Ray Gilmer, spokesman for United Fresh, said the legislation “never got much traction,” but generated some buzz around salad bars. A year ago, United Fresh began soliciting donations from its corporate members to purchase salad bars and place them in schools. “A lot of companies want to place them in the communities where they operate, a sort of ‘good neighbor’ thing,” Gilmer said.
Gilmer said the United Fresh campaign was low-key, conducted mostly by word of mouth and the internet. To date they’ve given away 60 salad bars and plan to donate an undetermined amount of cash to the Let’s Move campaign. “We’re going to New Orleans for a convention, and we’ve already placed 10 salad bars in schools there,” Gilmer noted.
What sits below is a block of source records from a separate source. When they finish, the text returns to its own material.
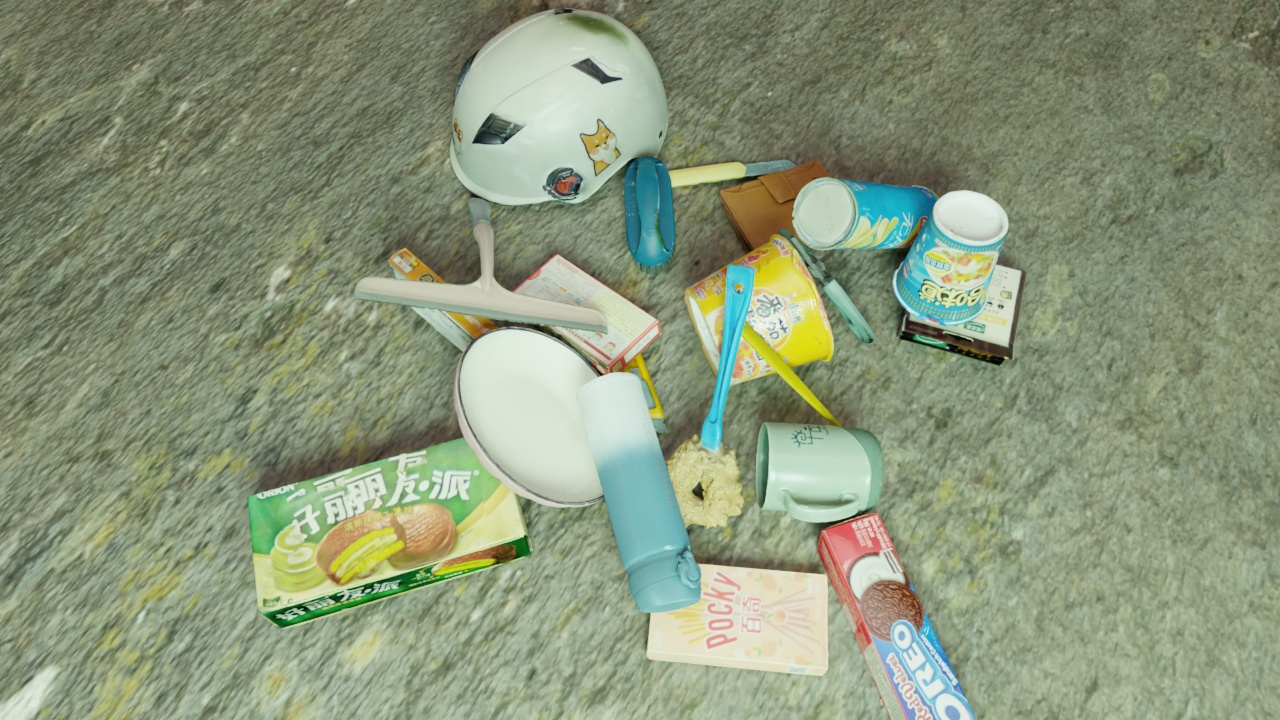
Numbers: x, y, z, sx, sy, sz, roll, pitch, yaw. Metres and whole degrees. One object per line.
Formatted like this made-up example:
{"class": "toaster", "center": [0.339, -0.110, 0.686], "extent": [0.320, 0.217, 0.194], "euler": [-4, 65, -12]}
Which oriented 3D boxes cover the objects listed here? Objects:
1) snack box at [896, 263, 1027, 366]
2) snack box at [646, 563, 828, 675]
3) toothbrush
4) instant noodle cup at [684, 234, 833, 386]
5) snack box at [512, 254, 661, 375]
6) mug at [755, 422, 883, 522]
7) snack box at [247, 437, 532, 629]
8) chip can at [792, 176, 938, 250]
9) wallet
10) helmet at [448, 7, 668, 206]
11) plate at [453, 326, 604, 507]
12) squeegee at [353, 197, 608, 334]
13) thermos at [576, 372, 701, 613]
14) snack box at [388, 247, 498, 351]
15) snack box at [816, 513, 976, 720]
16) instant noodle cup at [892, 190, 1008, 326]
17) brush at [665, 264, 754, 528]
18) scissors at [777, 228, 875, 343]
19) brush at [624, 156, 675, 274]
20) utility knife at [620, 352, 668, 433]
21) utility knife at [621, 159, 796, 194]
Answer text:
{"class": "snack box", "center": [0.337, -0.053, 0.965], "extent": [0.113, 0.053, 0.125], "euler": [17, 62, 11]}
{"class": "snack box", "center": [0.087, 0.228, 0.817], "extent": [0.157, 0.026, 0.084], "euler": [4, 59, 3]}
{"class": "toothbrush", "center": [0.148, 0.025, 0.879], "extent": [0.190, 0.017, 0.015], "euler": [44, 54, -18]}
{"class": "instant noodle cup", "center": [0.113, -0.044, 0.923], "extent": [0.110, 0.138, 0.138], "euler": [-22, 61, -3]}
{"class": "snack box", "center": [-0.061, -0.049, 0.972], "extent": [0.156, 0.027, 0.077], "euler": [35, 67, 29]}
{"class": "mug", "center": [0.166, 0.108, 0.845], "extent": [0.106, 0.082, 0.111], "euler": [4, 30, 0]}
{"class": "snack box", "center": [-0.229, 0.154, 0.845], "extent": [0.240, 0.063, 0.114], "euler": [-15, 60, -8]}
{"class": "chip can", "center": [0.241, -0.150, 0.949], "extent": [0.209, 0.071, 0.071], "euler": [-9, 50, -50]}
{"class": "wallet", "center": [0.169, -0.172, 1.055], "extent": [0.131, 0.031, 0.107], "euler": [-18, 62, -11]}
{"class": "helmet", "center": [-0.101, -0.313, 1.069], "extent": [0.273, 0.157, 0.230], "euler": [-21, 61, -11]}
{"class": "plate", "center": [-0.097, 0.057, 0.870], "extent": [0.192, 0.039, 0.192], "euler": [27, 41, -27]}
{"class": "squeegee", "center": [-0.168, -0.126, 0.976], "extent": [0.247, 0.040, 0.249], "euler": [7, 33, -17]}
{"class": "thermos", "center": [0.000, 0.117, 0.825], "extent": [0.070, 0.070, 0.220], "euler": [-14, 62, -8]}
{"class": "snack box", "center": [-0.200, -0.049, 0.959], "extent": [0.154, 0.075, 0.026], "euler": [39, 67, 21]}
{"class": "snack box", "center": [0.219, 0.239, 0.791], "extent": [0.057, 0.058, 0.207], "euler": [-17, 60, -6]}
{"class": "instant noodle cup", "center": [0.312, -0.105, 0.908], "extent": [0.099, 0.110, 0.099], "euler": [1, 55, -1]}
{"class": "brush", "center": [0.070, 0.039, 0.843], "extent": [0.083, 0.045, 0.255], "euler": [13, 100, 21]}
{"class": "scissors", "center": [0.181, -0.092, 0.951], "extent": [0.019, 0.170, 0.180], "euler": [-39, 42, 9]}
{"class": "brush", "center": [0.010, -0.171, 1.027], "extent": [0.055, 0.074, 0.143], "euler": [-4, 65, 3]}
{"class": "utility knife", "center": [-0.006, 0.006, 0.957], "extent": [0.033, 0.015, 0.170], "euler": [-18, 60, -6]}
{"class": "utility knife", "center": [0.082, -0.221, 1.091], "extent": [0.212, 0.022, 0.031], "euler": [-10, 60, 3]}

A third partner in the White House effort is the National Fruit and Vegetable Alliance, comprising the USDA, the Center for Disease Control and Prevention (CDC), and such disparate groups as the American Cancer Society and the California Department of Public Health.
The CDC has emerged as a leader of the group, taking up fruits and vegetables as a key ingredient to preventing diet-related diseases such as obesity and Type 2 diabetes.
The salad bar effort still faces some obstacles. Some schools don’t want salad bars. Montgomery County, just outside the nation’s capitol, does not permit salad bars for food-safety reasons. Philadelphia schools similarly do not offer salad bars, but serve salad in the regular food line instead.
“Self-serve brings a number of management issues that we’d have to look at,” sai
d Philadelphia schools spokesman Fernando Gallard. “Basically, you’d have a salad bar in an open area where people are going to walk around it. That’s something we still have to consider — the sanitation issues.”
Cooper has complained about USDA regulations that require students who use the salad bar to pass a cashier, or point-of-sale station, where a trained cafeteria worker would inspect the student’s tray and confirm that the student had taken the required items in the correct portion sizes in order for the school to qualify for reimbursement. Such rules create logjams in the cafeteria, Cooper said.
Here in the District of Columbia, many food-service areas are not designed to accommodate a salad bar. Installing one would require rethinking how students pass through the meal line and where the cashier is situated.
Kate Adamick, a school food consultant and fervent salad bar advocate, said those obstacles can be overcome without too much difficulty. “I don’t think there’s any other way to serve produce in school,” she said. Most cafeteria vegetables are cooked to death, or come out of a can, and kids either refuse them in the service line or throw them in the trash. Adamick believes children eat more vegetables when they’re allowed to serve themselves from an array of fresh choices.
“When kids get to make their own decisions, they’re much more likely to try things,” she said.